Burma’s state media introduced the True News Information Team of Defense Services, which singled out local and regional media outlets for publishing “fabrications” about casualties and damaged property. At least one local Muslim journalist has since been subjected to extreme online harassment, including death threats.
December 2016
US President Obama lifts sanctions against Myanmar, saying that the country had made strides in improving human rights. The move comes amid a crackdown on Rohingya and is criticised by some as premature.
August 2017
Rohingya insurgents attack 30 police stations, triggering a massive military response. Thousands of Rohingya flee from Rakhine state.
September 2017
Bangladesh initially deploys Border Guard Bangladesh (BGB) with guns to turn refugees back. Hundreds die as they try to cross the Naf River, which runs along the border of Bangladesh and Myanmar.

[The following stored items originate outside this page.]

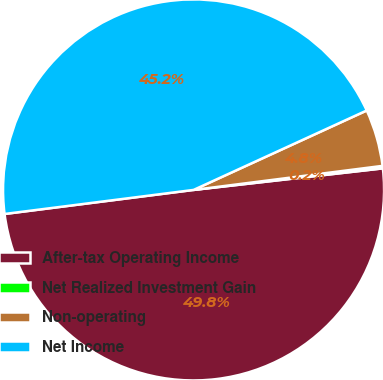Convert chart to OTSL. <chart><loc_0><loc_0><loc_500><loc_500><pie_chart><fcel>After-tax Operating Income<fcel>Net Realized Investment Gain<fcel>Non-operating<fcel>Net Income<nl><fcel>49.79%<fcel>0.21%<fcel>4.83%<fcel>45.17%<nl></chart> 
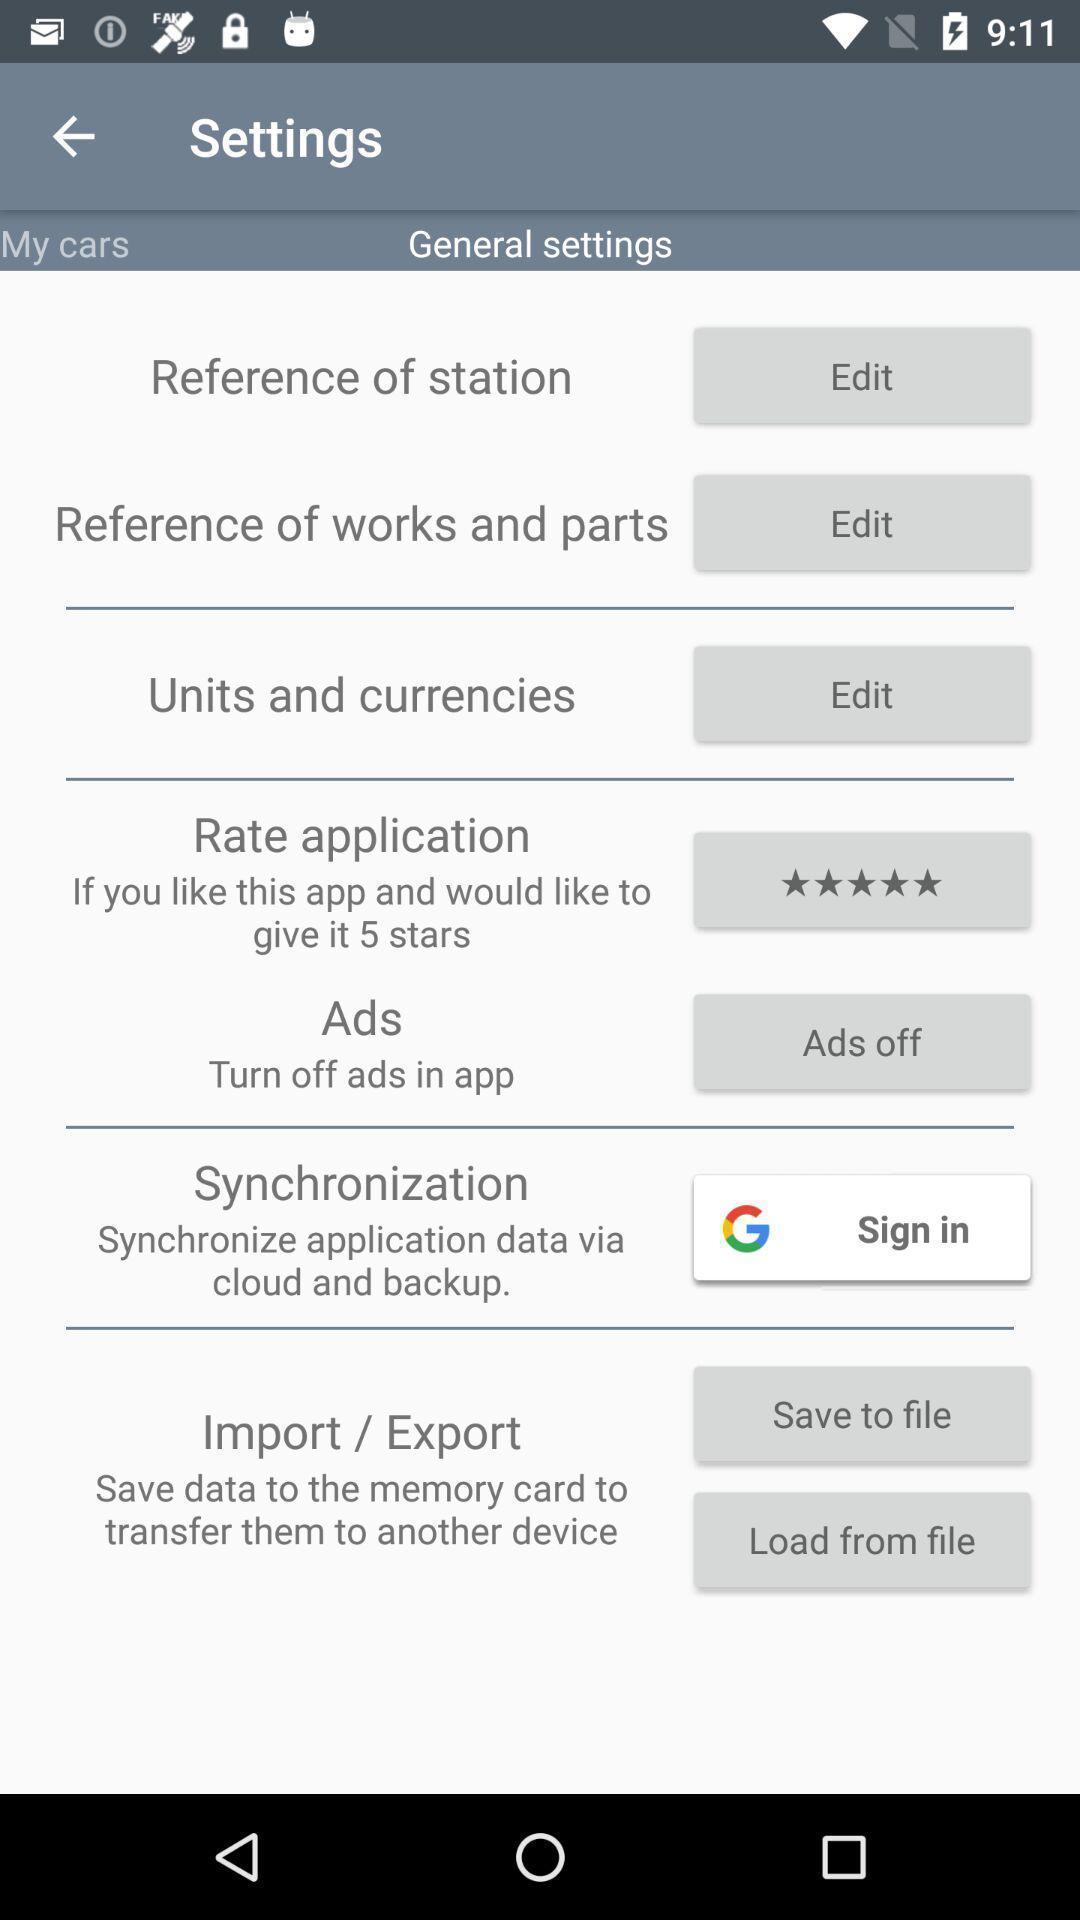Describe the visual elements of this screenshot. Screen displaying the settings page. 
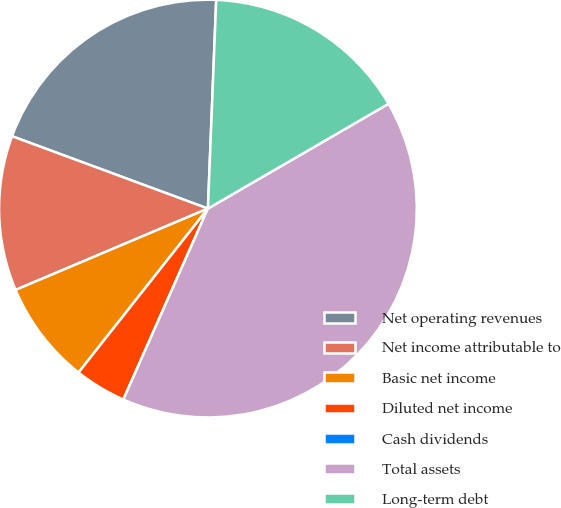Convert chart to OTSL. <chart><loc_0><loc_0><loc_500><loc_500><pie_chart><fcel>Net operating revenues<fcel>Net income attributable to<fcel>Basic net income<fcel>Diluted net income<fcel>Cash dividends<fcel>Total assets<fcel>Long-term debt<nl><fcel>20.0%<fcel>12.0%<fcel>8.0%<fcel>4.0%<fcel>0.0%<fcel>40.0%<fcel>16.0%<nl></chart> 
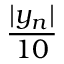Convert formula to latex. <formula><loc_0><loc_0><loc_500><loc_500>\frac { | y _ { n } | } { 1 0 }</formula> 
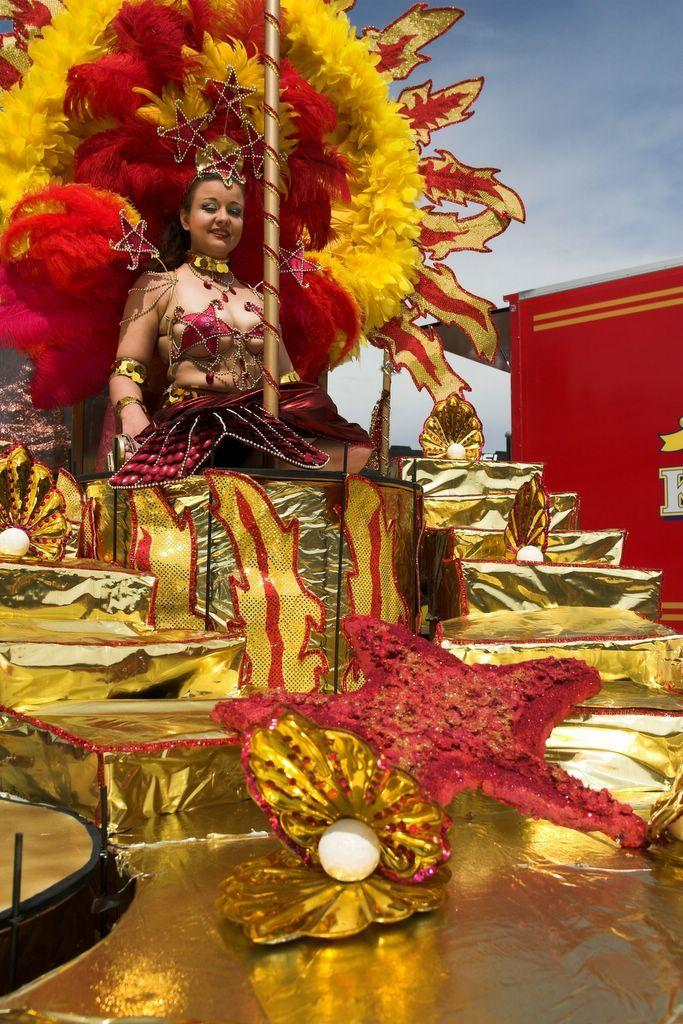What is the lady in the image wearing? The lady in the image is wearing a costume. What is the lady sitting on in the image? The lady is sitting on a palanquin. What other items can be seen in the image besides the lady and the palanquin? There are decor items and a shed with some text in the image. What is visible at the top of the image? The sky is visible at the top of the image. What type of hand can be seen playing a pipe in the image? There is no hand or pipe present in the image. What items are on the list that the lady is holding in the image? There is no list or item-holding in the image; the lady is sitting on a palanquin. 
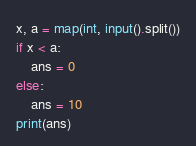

Hamida with her baby’s body. Credit: Mohammad Ponir Hossain/Reuters |
As images of dead children and sunken boats in Naf circulate, Bangladesh is set alight with protests demanding the refugees be allowed in. The government reverses stance and starts allowing Rohingya in.
As the crisis unravels at high speed, international community struggles to respond. The United Nations convenes emergency sessions, but China makes clear it will veto any resolution.
Suu Kyi dismisses reports of atrocities: “That kind of fake information … was simply the tip of a huge iceberg of misinformation calculated to create a lot of problems between different communities and with the aim of promoting the interest of the terrorists.
UN report indicates that 125,000 Rohingya have fled the country to Bangladesh on foot. A second UN reports that nearly 30,000 of the refugee Rohingya are trapped in the mountains of Rakhine State, not having any access to food or water.
UN states up to 300,000 Rohingya could flee violence in northwestern Myanmar to Bangladesh, warning of a funding shortfall for emergency food supplies for the refugees. Internal private estimates say final number will be 500,000.
Rohingya who made it to Bangladesh are reporting rapes, massacres and mass burning of men, women and children. Satellite images suggest the Rohingya villages have been burned to the ground.
Police stop left political party Gana Sanghati Andolan’s attempt to seize the UN’s office in Dhaka.
In the Chittagong Hill Tracts, Bangladesh’s indigenous Jumma community, themselves waging a three-decade long struggle for autonomy, fear reprisal attacks due to their Buddhist faith. The parallels with the 2012 Ramu attacks in Bangladesh worry Jumma activists.
UN rights chief accuses Myanmar of “textbook” ethnic cleansing of Rohingya Muslims.
The Alal O Dulal Collective is a coalition of authors who have written on various issues in Bangladesh, including precarious workers in garments industry, stranded migrant labour in the Middle East and the struggles of indigenous Jumma Buddhist people in the Chittagong Hill Tracts.